Rocking block integrator
Download
single_block_integrator.tar.gz
How to execute
Assume you have successfully compiled the source. It has to be
executed from the command line, just typing:
./main_single_block x0 y0 t0 epsilon numiterates maximpacts
where:

(x0,y0,t0) is the initial condition. Note that time is included as variable.

epsilon is the perturbation parameter, the magnitude of the periodic forcing

numiterates (integer) is the maximum number of iterations of the stroboscopic map that we want to compute

maximpacts (integer) is the maximum number of iterations of the impact map that we want to compute
The values of the frequency of the forcing and the restitution
coefficient have to be set in the file "system_params.dat".
What will (should) the program do?
It will integrate the system until one of the following things occur:

The number of iterations by the strobosopic map reaches numiterates

The number of iterations of the impact map reaches maximpacts

The trajectory escapes to infinity. There is an internal parameter
("stop_tol") to decide this (see below).
Note that the first condition, 1., 2. or 3., that occurs will stop the
program. Hence, if one wishes necessary to compute an given number of
iterations of the stroboscopic map then set "maximpacts" to a very
high value to ensure that 1) occurs first (similarly for the impact
map).
What will the program return?
The program will create three files:

stroboscopoicmap.dat: Contains the iterates of the stroboscopic map

trajectory.dat: contains points to plot the timecontinuous trajectory.
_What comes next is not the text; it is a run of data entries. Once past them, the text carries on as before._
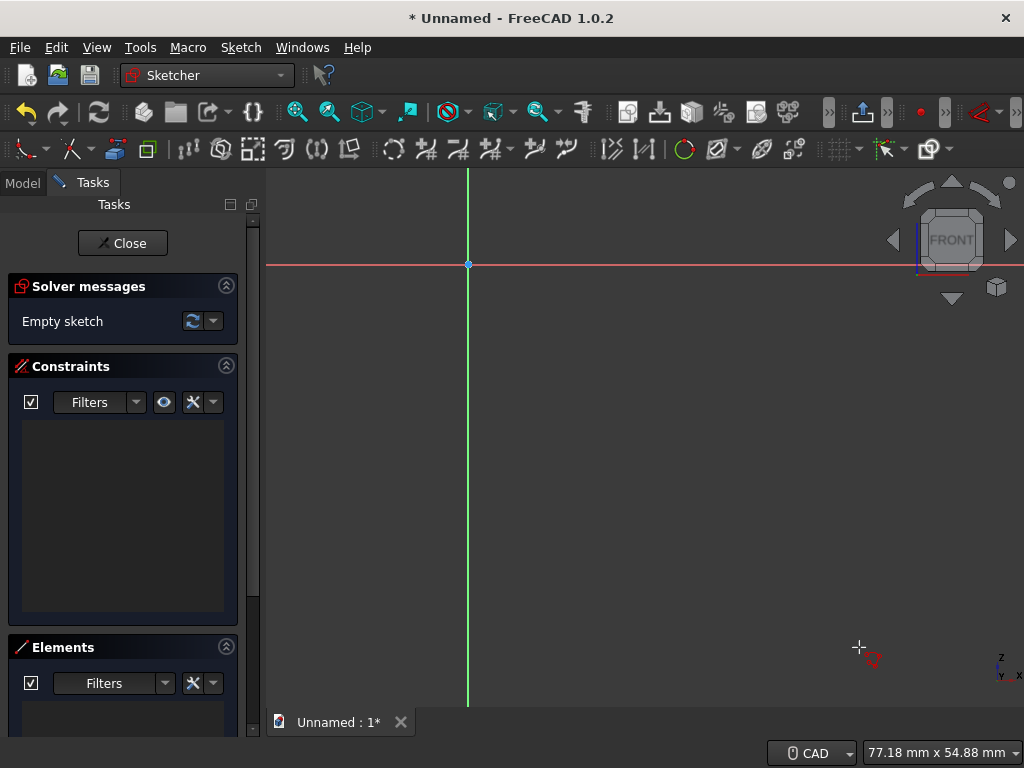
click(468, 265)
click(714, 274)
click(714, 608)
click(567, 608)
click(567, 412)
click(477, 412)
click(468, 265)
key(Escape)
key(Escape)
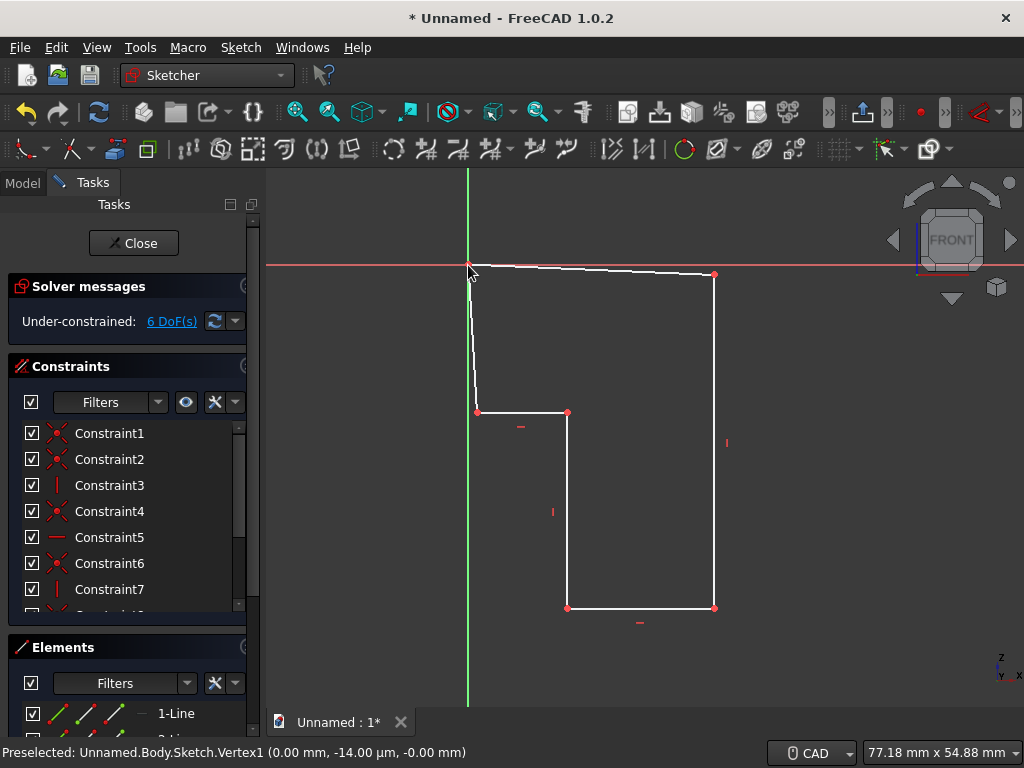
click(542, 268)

impactmap.dat: contains the iterates of the impacts map.
All three files will contain three columns: x y t
Note that these three files are removed at each execution. Make copies of them if you want to keep data.
How can I plot the results?
Gnuplot is an excellent option, but matlab would do the trick to.
There may be thousands of other options.
What parameters can be (easily) changed/tuned?
Basically all of them. These are set in the preamble of the file
"main_singleblock.cpp", and refer to plotting options, integration
options, tolerances for the Newton method and stopping conditions.
Note that if any is changed then to the program has to be recompiled.
All of them are described in the preamble of the main program. Of
course, the frequency (omega) and restitution coefficient (r), which
are given in the system_params.dat file can be changed at any time
without recompiling. Also the perturbation parameter (epsilon), the
initial conditions and the maximum number of iterates for the maps can
be also changed as desired, as they are the input parameters when
calling the main program. Note that, in principle, there is no need
to change anything in the "integrate_singleblock.cpp" file, which
contains the machinery.
Where are the differential equations written?
These are also given in "main_singleblock.cpp", just before the main
program starts. Non of the routines are using any property for these
equations, so they can be replaced by other ones, for instance the
nonlinear ones. One can also of course change the forcing too.